Monitor your GPU node workload performance

If your GKE cluster has system metrics enabled, then the following metrics are available in Cloud Monitoring to monitor your GPU workload performance:

Duty Cycle (container/accelerator/duty_cycle): Percentage of time over the past sample period (10 seconds) during which the accelerator was actively processing. Between 1 and 100.
Memory Usage (container/accelerator/memory_used): Amount of accelerator memory allocated in bytes.
Memory Capacity (container/accelerator/memory_total): Total accelerator memory in bytes.

These metrics apply at the container level (container/accelerator) and are not collected for containers scheduled on a GPU that uses GPU time-sharing or NVIDIA MPS.

You can use predefined dashboards to monitor your clusters with GPU nodes. For more information, see View observability metrics. For general information about monitoring your clusters and their resources, refer to Observability for GKE.

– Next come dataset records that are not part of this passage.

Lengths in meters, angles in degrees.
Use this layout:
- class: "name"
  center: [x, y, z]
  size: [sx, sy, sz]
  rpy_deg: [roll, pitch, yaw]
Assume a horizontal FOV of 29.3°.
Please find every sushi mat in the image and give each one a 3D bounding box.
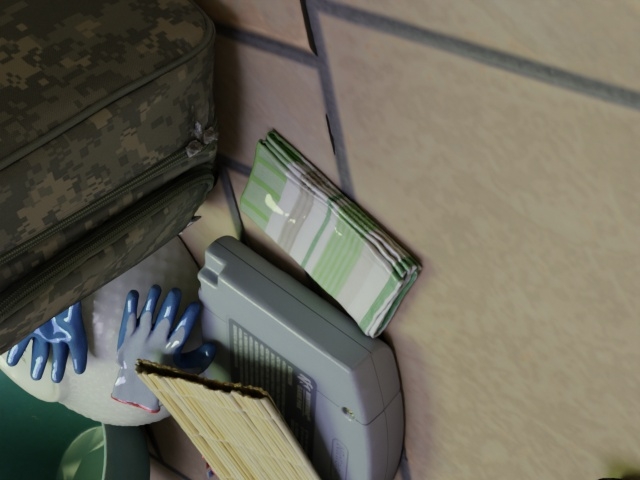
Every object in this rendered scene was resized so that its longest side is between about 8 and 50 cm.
- class: "sushi mat"
  center: [-0.043, 0.223, 1.102]
  size: [0.151, 0.019, 0.316]
  rpy_deg: [6, 139, 37]

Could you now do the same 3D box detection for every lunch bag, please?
- class: "lunch bag"
  center: [-0.223, -0.048, 0.882]
  size: [0.212, 0.305, 0.256]
  rpy_deg: [38, 145, 23]

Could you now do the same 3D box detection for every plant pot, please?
- class: "plant pot"
  center: [-0.315, 0.276, 1.448]
  size: [0.290, 0.290, 0.195]
  rpy_deg: [29, 180, 30]

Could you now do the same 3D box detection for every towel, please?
- class: "towel"
  center: [0.000, 0.000, 0.914]
  size: [0.152, 0.023, 0.113]
  rpy_deg: [42, 149, 11]

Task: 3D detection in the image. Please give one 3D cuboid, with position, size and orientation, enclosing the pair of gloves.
- class: "pair of gloves"
  center: [-0.191, 0.083, 1.065]
  size: [0.198, 0.023, 0.159]
  rpy_deg: [21, 130, -1]

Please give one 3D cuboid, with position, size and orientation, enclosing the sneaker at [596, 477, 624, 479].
- class: "sneaker"
  center: [0.219, 0.272, 0.816]
  size: [0.097, 0.084, 0.234]
  rpy_deg: [-2, 96, 42]

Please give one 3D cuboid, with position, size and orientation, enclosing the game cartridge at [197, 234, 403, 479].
- class: "game cartridge"
  center: [-0.018, 0.143, 1.077]
  size: [0.198, 0.062, 0.297]
  rpy_deg: [31, 146, 20]

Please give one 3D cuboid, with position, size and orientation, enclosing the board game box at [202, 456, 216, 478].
- class: "board game box"
  center: [-0.087, 0.238, 1.296]
  size: [0.133, 0.033, 0.168]
  rpy_deg: [30, 146, 30]

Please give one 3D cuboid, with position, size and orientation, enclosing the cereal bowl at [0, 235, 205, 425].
- class: "cereal bowl"
  center: [-0.258, 0.056, 1.205]
  size: [0.339, 0.141, 0.339]
  rpy_deg: [33, 147, 24]

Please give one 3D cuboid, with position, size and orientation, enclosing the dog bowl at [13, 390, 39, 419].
- class: "dog bowl"
  center: [-0.413, 0.202, 1.645]
  size: [0.166, 0.074, 0.297]
  rpy_deg: [43, 151, 9]

View usage metrics for workloads

You view your workload GPU usage metrics from the Workloads dashboard in the Google Cloud console.

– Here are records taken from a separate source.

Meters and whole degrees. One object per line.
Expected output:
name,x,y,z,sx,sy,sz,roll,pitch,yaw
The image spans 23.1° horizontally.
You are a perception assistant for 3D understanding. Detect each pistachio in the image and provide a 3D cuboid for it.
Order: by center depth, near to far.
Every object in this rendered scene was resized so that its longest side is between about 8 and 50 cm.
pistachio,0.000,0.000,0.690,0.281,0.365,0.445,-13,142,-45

To view your workload GPU usage, perform the following steps:

Go to the Workloads page in the Google Cloud console.
Go to Workloads
Select a workload.

The Workloads dashboard displays charts for GPU memory usage and capacity, and GPU duty cycle.

View NVIDIA Data Center GPU Manager (DCGM) metrics

You can collect and visualize NVIDIA DCGM metrics by using Google Cloud Managed Service for Prometheus. For Autopilot clusters, GKE installs the drivers. For Standard clusters, you must install the NVIDIA drivers.

For instructions on how to deploy the GKE-managed DCGM package, see Collect and view NVIDIA Data Center GPU Manager (DCGM) metrics.